2. The first open protocol permanence system to include BLAKE3
as a production hash algorithm alongside SHA-256 and SHA3-512.
3. The first IETF-documented permanence protocol to formally
address post-quantum resilience through SHA3-512 inclusion
as a core architectural requirement.
4. The first autonomous multi-agent permanence pipeline governed
by an IETF Internet-Draft specification to achieve operational
status with publicly accessible document submission.
Prior systems combining blockchain timestamping with distributed
storage [IPFS] exist, most notably OpenTimestamps [OTS] and
various blockchain-IPFS hybrid architectures.
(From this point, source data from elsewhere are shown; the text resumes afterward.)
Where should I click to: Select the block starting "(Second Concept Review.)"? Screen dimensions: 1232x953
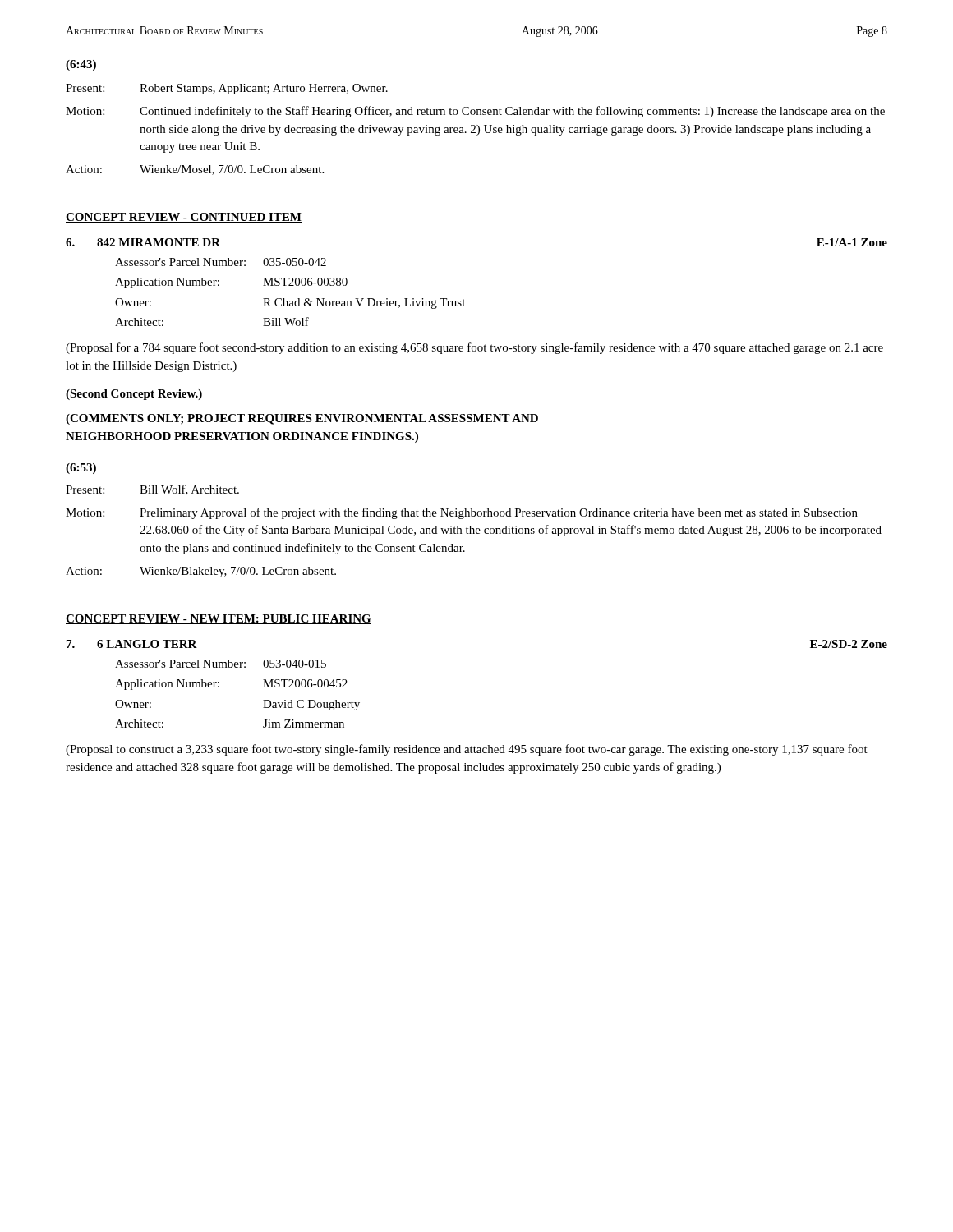[x=134, y=393]
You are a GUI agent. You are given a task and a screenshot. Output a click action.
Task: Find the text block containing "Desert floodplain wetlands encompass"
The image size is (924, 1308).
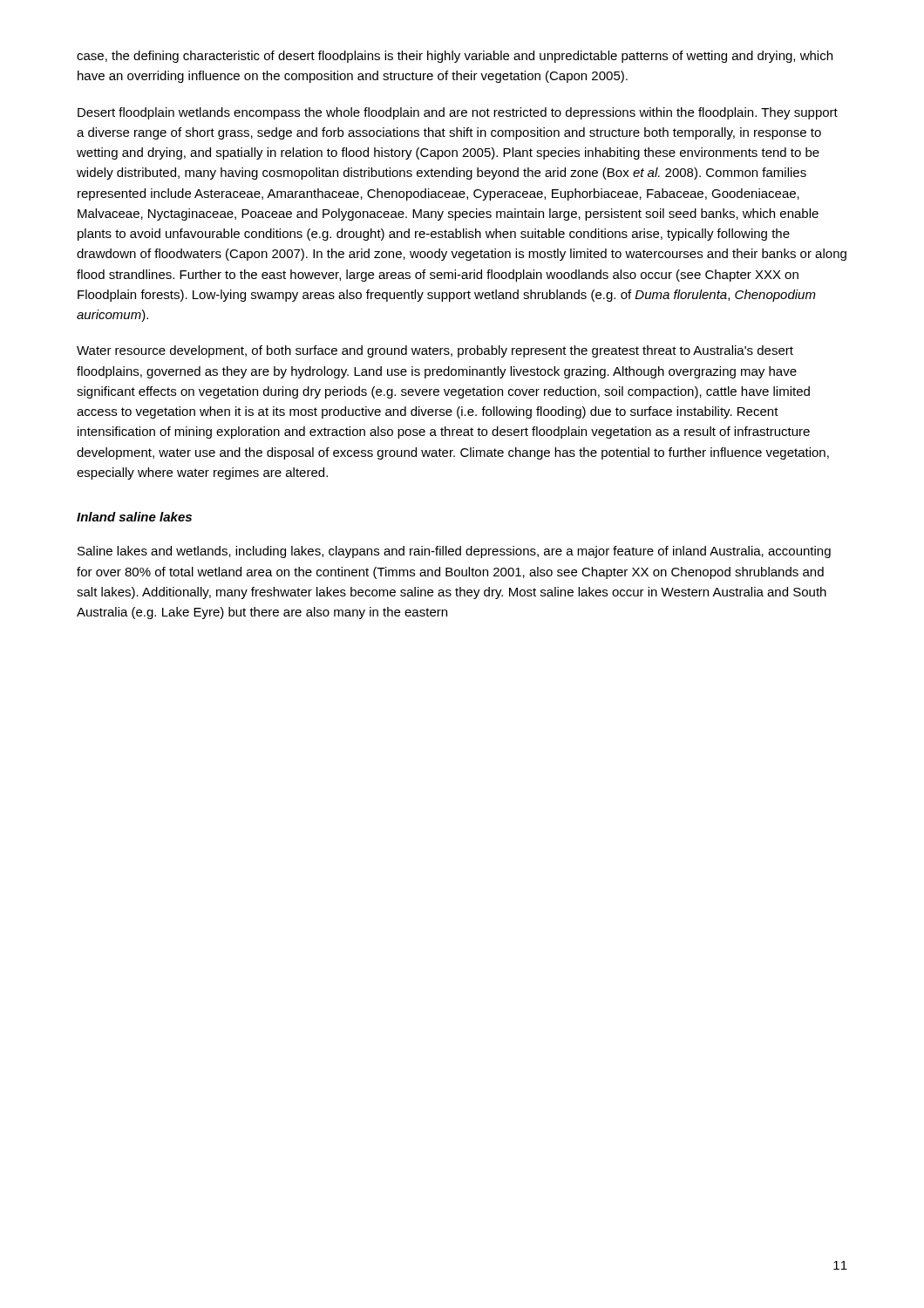pos(462,213)

However, none
combine triple-fingerprint hashing, academic DOI registration,
web archiving, and a resolvable permanent identifier namespace
under a single unified open protocol specification with a live
implementation. The REM Protocol constitutes a new category of
permanence infrastructure rather than an extension of prior work.
8. Security Considerations
8.1. Hash Algorithm Independence
The three hash algorithms employed -- SHA-256, SHA3-512, and BLAKE3
-- use structurally independent constructions:
o SHA-256 uses a Merkle-Damgard construction [RFC6234]
o SHA3-512 uses a Keccak sponge construction [FIPS202]
o BLAKE3 uses a binary tree construction [BLAKE3SPEC]
A cryptanalytic attack effective against one construction is
extremely unlikely to be effective against either of the other two.
The triple-fingerprint architecture therefore provides defense
in depth against future cryptanalytic developments.
8.2. Post-Quantum Security
As analyzed in Section 3.4, SHA3-512 provides 256-bit quantum
security against Grover's algorithm [GROVER], exceeding the NIST
post-quantum minimum threshold [NISTPQC]. REM records produced
by the live implementation are therefore post-quantum resilient
through the SHA3-512 permanence layer.
Implementors SHOULD include SHA3-512 or equivalent 512-bit output
hash algorithms in any REM Protocol-compliant implementation
seeking post-quantum permanence guarantees.
8.3. Multi-Layer Redundancy
The six-layer permanence architecture ensures that no single point
of failure can compromise a REM record. The permanent layers --
Bitcoin blockchain, IPFS, Zenodo DOI, and Internet Archive -- are
operated by independent organizations on independent infrastructure.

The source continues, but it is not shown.